[What needs to be done] Your task is to filter the entries and copy every line containing the string "objects".

[Source data]

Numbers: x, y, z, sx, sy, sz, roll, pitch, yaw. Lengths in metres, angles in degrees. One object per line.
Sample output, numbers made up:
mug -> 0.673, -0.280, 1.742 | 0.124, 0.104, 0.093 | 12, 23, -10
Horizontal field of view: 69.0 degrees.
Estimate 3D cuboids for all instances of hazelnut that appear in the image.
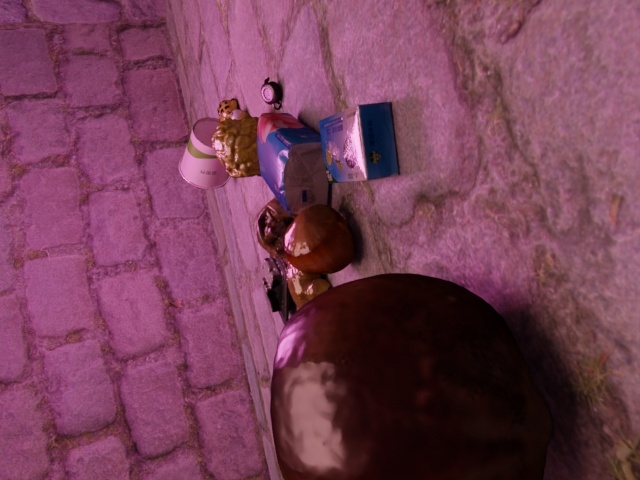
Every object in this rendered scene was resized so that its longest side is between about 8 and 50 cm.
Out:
hazelnut -> 0.118, 0.252, 0.689 | 0.421, 0.352, 0.421 | -15, 70, 48
hazelnut -> 0.000, 0.000, 1.126 | 0.182, 0.182, 0.182 | 169, 90, -70

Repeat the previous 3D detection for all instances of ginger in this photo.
ginger -> -0.043, 0.116, 1.369 | 0.157, 0.102, 0.216 | -31, 71, 61

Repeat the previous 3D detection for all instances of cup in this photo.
cup -> -0.522, -0.413, 2.182 | 0.253, 0.253, 0.274 | 69, 151, 24

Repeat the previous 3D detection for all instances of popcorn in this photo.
popcorn -> -0.246, -0.299, 1.565 | 0.237, 0.206, 0.251 | 45, 156, 33

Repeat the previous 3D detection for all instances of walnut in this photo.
walnut -> -0.140, -0.035, 1.501 | 0.204, 0.141, 0.238 | -135, 41, -64

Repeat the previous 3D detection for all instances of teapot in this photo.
teapot -> -0.144, -0.448, 1.422 | 0.068, 0.045, 0.100 | -6, 113, 48

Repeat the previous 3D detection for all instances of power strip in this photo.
power strip -> -0.178, 0.164, 1.771 | 0.257, 0.092, 0.251 | -129, 30, -58

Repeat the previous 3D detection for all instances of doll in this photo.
doll -> -0.358, -0.504, 1.901 | 0.117, 0.086, 0.291 | -59, 38, 18

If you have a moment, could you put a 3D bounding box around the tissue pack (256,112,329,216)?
tissue pack -> -0.082, -0.206, 1.249 | 0.270, 0.137, 0.209 | -129, 32, -51

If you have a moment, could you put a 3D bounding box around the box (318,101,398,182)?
box -> 0.072, -0.190, 0.940 | 0.194, 0.073, 0.139 | -168, 69, -68
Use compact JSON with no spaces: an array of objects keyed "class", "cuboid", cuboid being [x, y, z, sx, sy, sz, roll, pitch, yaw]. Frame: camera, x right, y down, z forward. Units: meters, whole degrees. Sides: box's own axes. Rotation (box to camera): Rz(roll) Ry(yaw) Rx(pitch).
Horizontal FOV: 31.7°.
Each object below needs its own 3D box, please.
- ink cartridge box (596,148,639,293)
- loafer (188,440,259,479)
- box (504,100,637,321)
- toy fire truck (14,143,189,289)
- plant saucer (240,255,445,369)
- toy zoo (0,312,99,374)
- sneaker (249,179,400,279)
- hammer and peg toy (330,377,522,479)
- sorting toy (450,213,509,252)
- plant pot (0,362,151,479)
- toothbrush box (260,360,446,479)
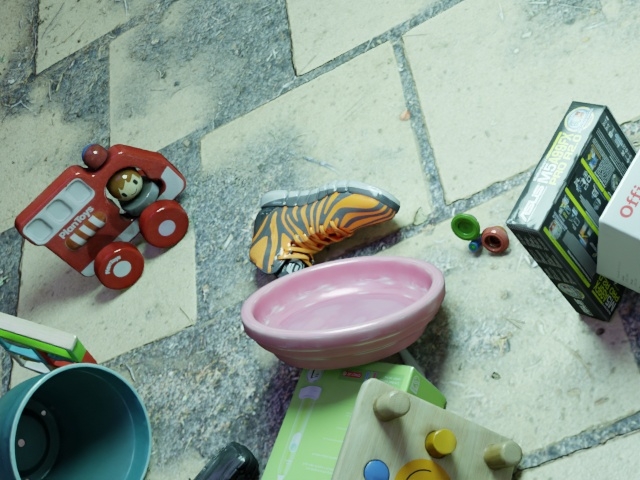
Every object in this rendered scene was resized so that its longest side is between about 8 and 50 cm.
[{"class":"ink cartridge box","cuboid":[0.535,-0.011,1.514,0.270,0.197,0.198,27,77,21]},{"class":"loafer","cuboid":[-0.196,0.429,1.874,0.223,0.076,0.078,-47,39,-9]},{"class":"box","cuboid":[0.394,-0.039,1.641,0.060,0.270,0.216,18,72,45]},{"class":"toy fire truck","cuboid":[-0.427,-0.066,2.265,0.302,0.254,0.169,-44,45,1]},{"class":"plant saucer","cuboid":[0.041,0.118,1.821,0.332,0.084,0.332,-10,18,3]},{"class":"toy zoo","cuboid":[-0.505,0.217,2.110,0.192,0.293,0.030,15,66,14]},{"class":"sneaker","cuboid":[0.000,0.000,2.022,0.321,0.125,0.180,-8,59,45]},{"class":"hammer and peg toy","cuboid":[0.114,0.395,1.538,0.127,0.266,0.361,-39,27,63]},{"class":"sorting toy","cuboid":[0.267,-0.015,1.869,0.102,0.061,0.042,29,43,10]},{"class":"plant pot","cuboid":[-0.485,0.359,2.010,0.255,0.272,0.271,-10,53,47]},{"class":"toothbrush box","cuboid":[0.043,0.332,1.734,0.206,0.122,0.283,2,60,38]}]
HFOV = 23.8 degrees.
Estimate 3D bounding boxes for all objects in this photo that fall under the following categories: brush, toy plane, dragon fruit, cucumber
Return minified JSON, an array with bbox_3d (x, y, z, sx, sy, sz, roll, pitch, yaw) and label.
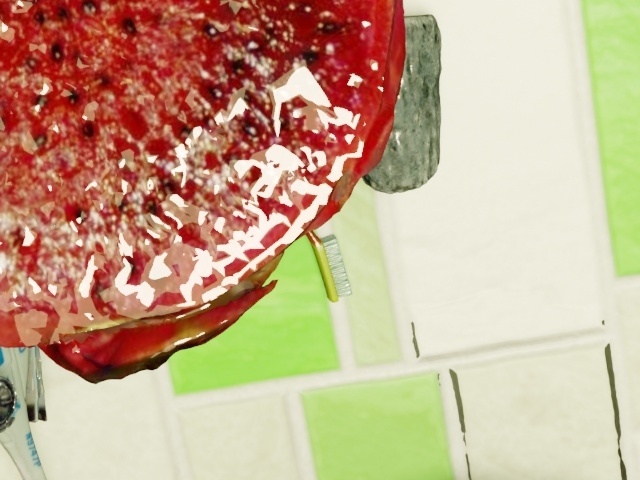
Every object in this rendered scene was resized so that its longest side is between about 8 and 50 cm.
[{"bbox_3d":[0.000,0.000,1.004,0.021,0.019,0.083,-23,106,-2],"label":"brush"},{"bbox_3d":[-0.214,0.101,0.975,0.182,0.107,0.273,25,134,22],"label":"toy plane"},{"bbox_3d":[-0.137,-0.124,0.842,0.386,0.249,0.371,25,88,4],"label":"dragon fruit"},{"bbox_3d":[0.047,-0.087,0.954,0.064,0.064,0.112,-4,107,2],"label":"cucumber"}]
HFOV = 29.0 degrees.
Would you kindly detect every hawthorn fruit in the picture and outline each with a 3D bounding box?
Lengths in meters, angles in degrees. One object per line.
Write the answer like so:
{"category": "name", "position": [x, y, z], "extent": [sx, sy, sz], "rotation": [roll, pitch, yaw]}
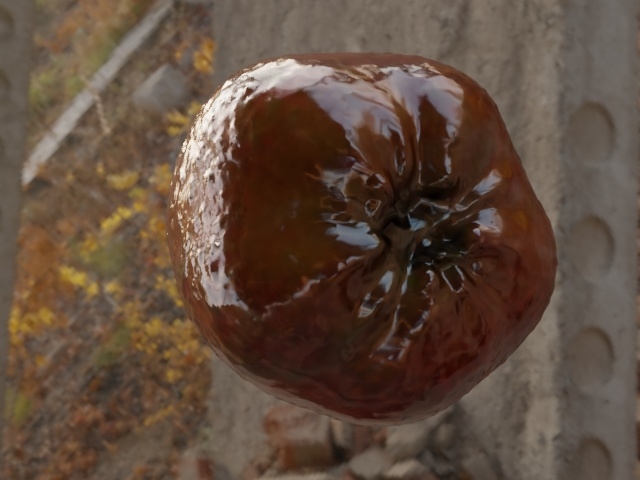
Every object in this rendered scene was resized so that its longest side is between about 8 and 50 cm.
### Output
{"category": "hawthorn fruit", "position": [0.000, 0.000, 0.539], "extent": [0.162, 0.163, 0.203], "rotation": [-53, 17, -19]}

[Response for this exercise]
Use compact JSON with no spaces: an array of objects keyed "class", "cuboid", cuboid being [x, y, z, sx, sy, sz, roll, pitch, yaw]. Frame: camera, x right, y down, z forward. Units: meters, whole degrees. Sides: box's own axes. Rotation (box to camera): Rz(roll) Ry(yaw) Rx(pitch).
Estimate 3D bounding boxes for all objects in this photo that fall under the following categories: brush, toy plane, dragon fruit, cucumber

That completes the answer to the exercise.